* _REQUIRED WORK_: Count, in the entries, the lines with "notice". Answer with the number only.
▼▼▼
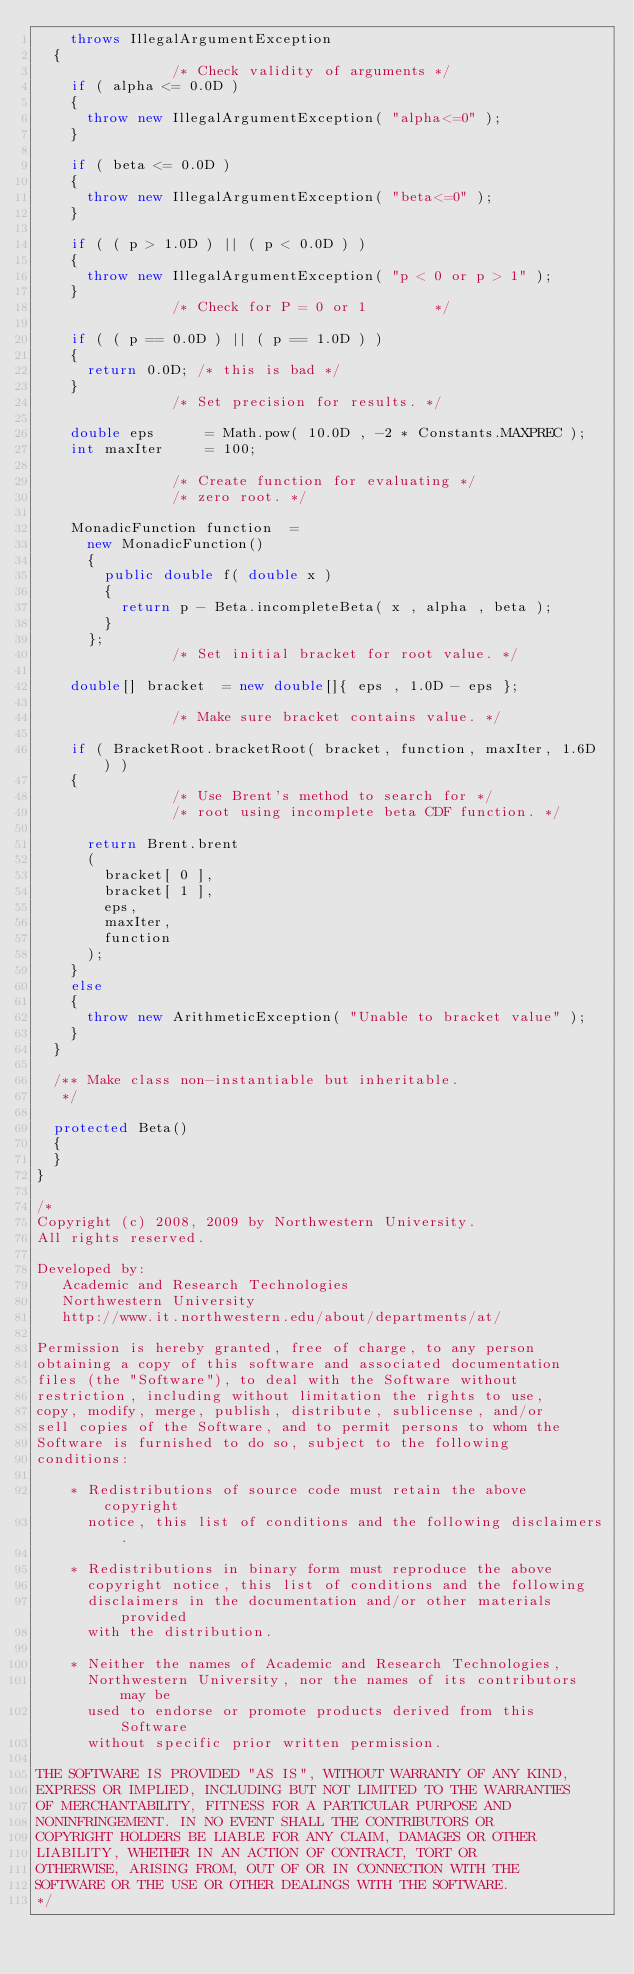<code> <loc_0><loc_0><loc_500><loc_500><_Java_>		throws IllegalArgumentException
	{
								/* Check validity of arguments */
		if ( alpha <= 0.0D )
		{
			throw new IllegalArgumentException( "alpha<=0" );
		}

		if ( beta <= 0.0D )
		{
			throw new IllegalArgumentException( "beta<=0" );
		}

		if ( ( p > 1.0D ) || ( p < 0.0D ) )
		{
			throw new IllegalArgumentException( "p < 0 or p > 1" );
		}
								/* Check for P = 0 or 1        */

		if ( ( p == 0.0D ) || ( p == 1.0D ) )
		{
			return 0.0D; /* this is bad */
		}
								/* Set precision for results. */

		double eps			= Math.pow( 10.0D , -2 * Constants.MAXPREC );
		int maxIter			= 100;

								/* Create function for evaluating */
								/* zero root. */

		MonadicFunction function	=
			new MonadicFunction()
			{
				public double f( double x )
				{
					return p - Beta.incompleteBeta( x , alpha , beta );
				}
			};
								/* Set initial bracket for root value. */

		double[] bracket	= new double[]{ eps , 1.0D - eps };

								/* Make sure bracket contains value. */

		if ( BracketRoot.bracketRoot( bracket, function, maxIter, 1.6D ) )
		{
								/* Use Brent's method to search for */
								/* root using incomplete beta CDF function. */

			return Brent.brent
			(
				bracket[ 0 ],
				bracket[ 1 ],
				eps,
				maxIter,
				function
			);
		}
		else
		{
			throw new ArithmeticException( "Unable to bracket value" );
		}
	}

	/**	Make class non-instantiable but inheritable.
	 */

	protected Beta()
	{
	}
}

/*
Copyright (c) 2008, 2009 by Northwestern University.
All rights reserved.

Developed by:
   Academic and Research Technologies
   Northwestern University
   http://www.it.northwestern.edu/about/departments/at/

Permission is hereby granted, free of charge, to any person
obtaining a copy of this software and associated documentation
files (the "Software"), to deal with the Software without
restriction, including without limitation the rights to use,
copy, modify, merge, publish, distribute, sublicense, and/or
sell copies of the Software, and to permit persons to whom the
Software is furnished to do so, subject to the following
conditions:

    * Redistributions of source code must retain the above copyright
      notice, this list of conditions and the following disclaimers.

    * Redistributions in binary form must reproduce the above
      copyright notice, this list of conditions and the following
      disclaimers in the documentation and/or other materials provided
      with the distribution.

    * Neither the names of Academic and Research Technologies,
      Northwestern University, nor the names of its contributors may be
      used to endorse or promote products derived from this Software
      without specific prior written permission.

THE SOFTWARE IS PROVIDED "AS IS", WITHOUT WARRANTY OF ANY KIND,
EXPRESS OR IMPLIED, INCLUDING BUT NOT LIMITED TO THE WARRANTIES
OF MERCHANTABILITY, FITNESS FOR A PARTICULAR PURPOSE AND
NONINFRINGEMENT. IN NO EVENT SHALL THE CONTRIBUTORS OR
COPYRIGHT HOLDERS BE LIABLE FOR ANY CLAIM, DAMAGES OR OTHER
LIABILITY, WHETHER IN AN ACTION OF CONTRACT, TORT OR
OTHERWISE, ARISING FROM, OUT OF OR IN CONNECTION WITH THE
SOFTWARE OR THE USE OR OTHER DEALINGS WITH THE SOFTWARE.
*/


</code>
▲▲▲
▼▼▼
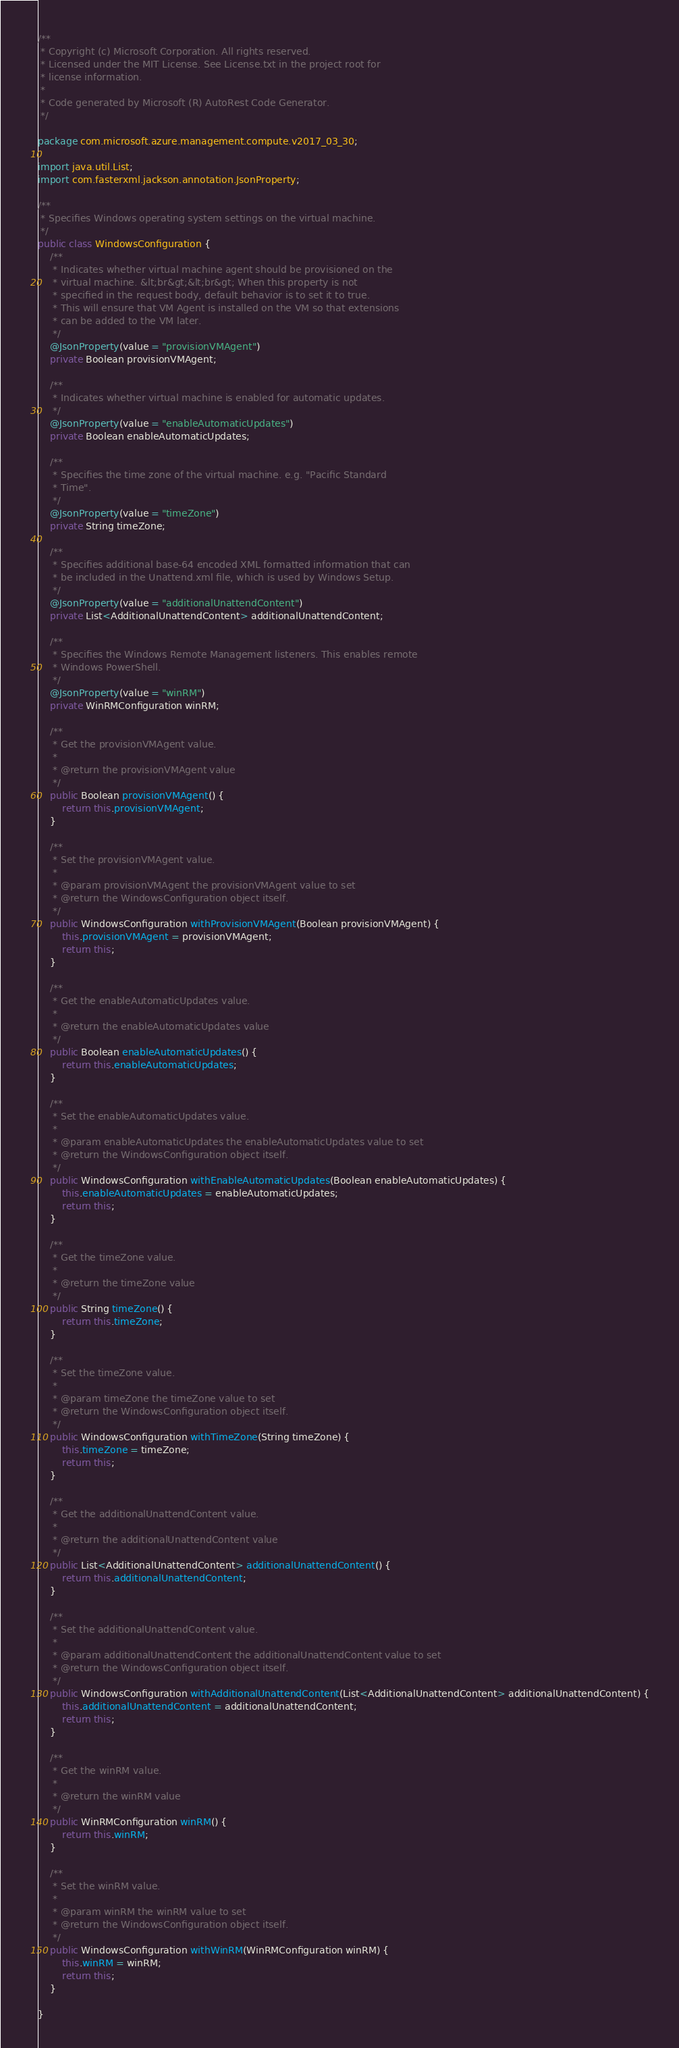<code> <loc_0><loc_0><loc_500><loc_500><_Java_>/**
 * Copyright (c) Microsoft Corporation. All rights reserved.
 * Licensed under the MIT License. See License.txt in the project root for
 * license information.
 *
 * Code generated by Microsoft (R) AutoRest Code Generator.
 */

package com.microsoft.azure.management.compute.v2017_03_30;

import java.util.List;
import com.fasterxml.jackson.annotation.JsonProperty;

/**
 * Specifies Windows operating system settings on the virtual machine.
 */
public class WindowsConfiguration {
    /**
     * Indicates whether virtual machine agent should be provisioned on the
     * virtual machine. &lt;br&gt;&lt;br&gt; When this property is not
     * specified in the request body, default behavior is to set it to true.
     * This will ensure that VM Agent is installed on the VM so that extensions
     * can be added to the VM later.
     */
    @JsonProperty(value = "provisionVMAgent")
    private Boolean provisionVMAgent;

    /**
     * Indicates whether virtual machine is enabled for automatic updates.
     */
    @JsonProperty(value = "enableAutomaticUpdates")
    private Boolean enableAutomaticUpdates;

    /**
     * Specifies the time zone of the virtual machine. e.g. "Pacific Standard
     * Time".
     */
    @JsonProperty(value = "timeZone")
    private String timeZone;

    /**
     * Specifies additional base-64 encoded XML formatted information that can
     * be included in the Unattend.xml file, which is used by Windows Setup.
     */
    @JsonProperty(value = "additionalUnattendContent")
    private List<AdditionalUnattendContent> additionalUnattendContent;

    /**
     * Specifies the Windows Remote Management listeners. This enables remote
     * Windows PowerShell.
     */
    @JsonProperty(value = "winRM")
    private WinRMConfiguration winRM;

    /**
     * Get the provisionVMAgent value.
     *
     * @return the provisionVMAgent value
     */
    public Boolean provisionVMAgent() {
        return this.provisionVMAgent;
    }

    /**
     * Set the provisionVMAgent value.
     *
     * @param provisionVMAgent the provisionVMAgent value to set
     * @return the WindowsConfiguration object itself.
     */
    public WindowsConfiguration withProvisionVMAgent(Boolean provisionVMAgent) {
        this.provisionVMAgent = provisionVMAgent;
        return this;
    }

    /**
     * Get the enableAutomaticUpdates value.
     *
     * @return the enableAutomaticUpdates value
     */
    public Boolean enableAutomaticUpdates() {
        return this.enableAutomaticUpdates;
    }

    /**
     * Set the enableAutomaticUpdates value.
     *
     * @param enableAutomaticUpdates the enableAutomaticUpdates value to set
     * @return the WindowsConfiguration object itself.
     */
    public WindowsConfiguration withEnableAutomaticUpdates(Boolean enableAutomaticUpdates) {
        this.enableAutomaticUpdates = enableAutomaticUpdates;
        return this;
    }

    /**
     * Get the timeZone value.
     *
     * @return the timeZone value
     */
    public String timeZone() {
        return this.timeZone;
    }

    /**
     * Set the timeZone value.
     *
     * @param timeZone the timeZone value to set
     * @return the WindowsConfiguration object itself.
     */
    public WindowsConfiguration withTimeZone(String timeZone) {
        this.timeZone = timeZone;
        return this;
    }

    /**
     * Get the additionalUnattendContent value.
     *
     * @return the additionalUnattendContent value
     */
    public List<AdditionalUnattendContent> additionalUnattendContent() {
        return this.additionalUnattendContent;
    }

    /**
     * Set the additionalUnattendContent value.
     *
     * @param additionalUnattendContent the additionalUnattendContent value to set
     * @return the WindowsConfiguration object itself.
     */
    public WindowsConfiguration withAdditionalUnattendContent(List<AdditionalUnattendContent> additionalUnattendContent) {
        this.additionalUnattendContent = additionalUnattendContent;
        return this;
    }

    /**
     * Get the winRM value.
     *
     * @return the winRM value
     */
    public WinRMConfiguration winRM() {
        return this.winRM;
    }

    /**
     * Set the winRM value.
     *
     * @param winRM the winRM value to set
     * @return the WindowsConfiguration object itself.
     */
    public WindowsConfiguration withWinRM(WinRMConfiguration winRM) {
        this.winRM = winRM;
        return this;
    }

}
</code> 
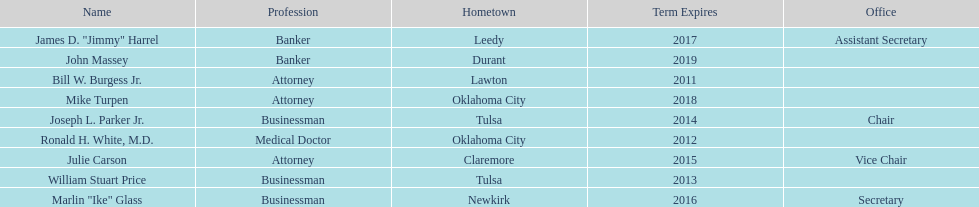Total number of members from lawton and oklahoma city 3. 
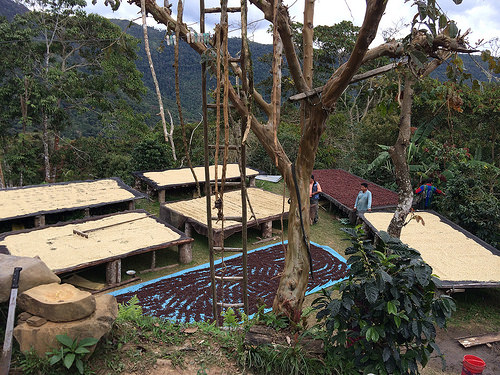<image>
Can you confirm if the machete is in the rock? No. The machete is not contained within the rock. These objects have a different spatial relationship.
▲▲▲
* _TASK ANSWER_: 2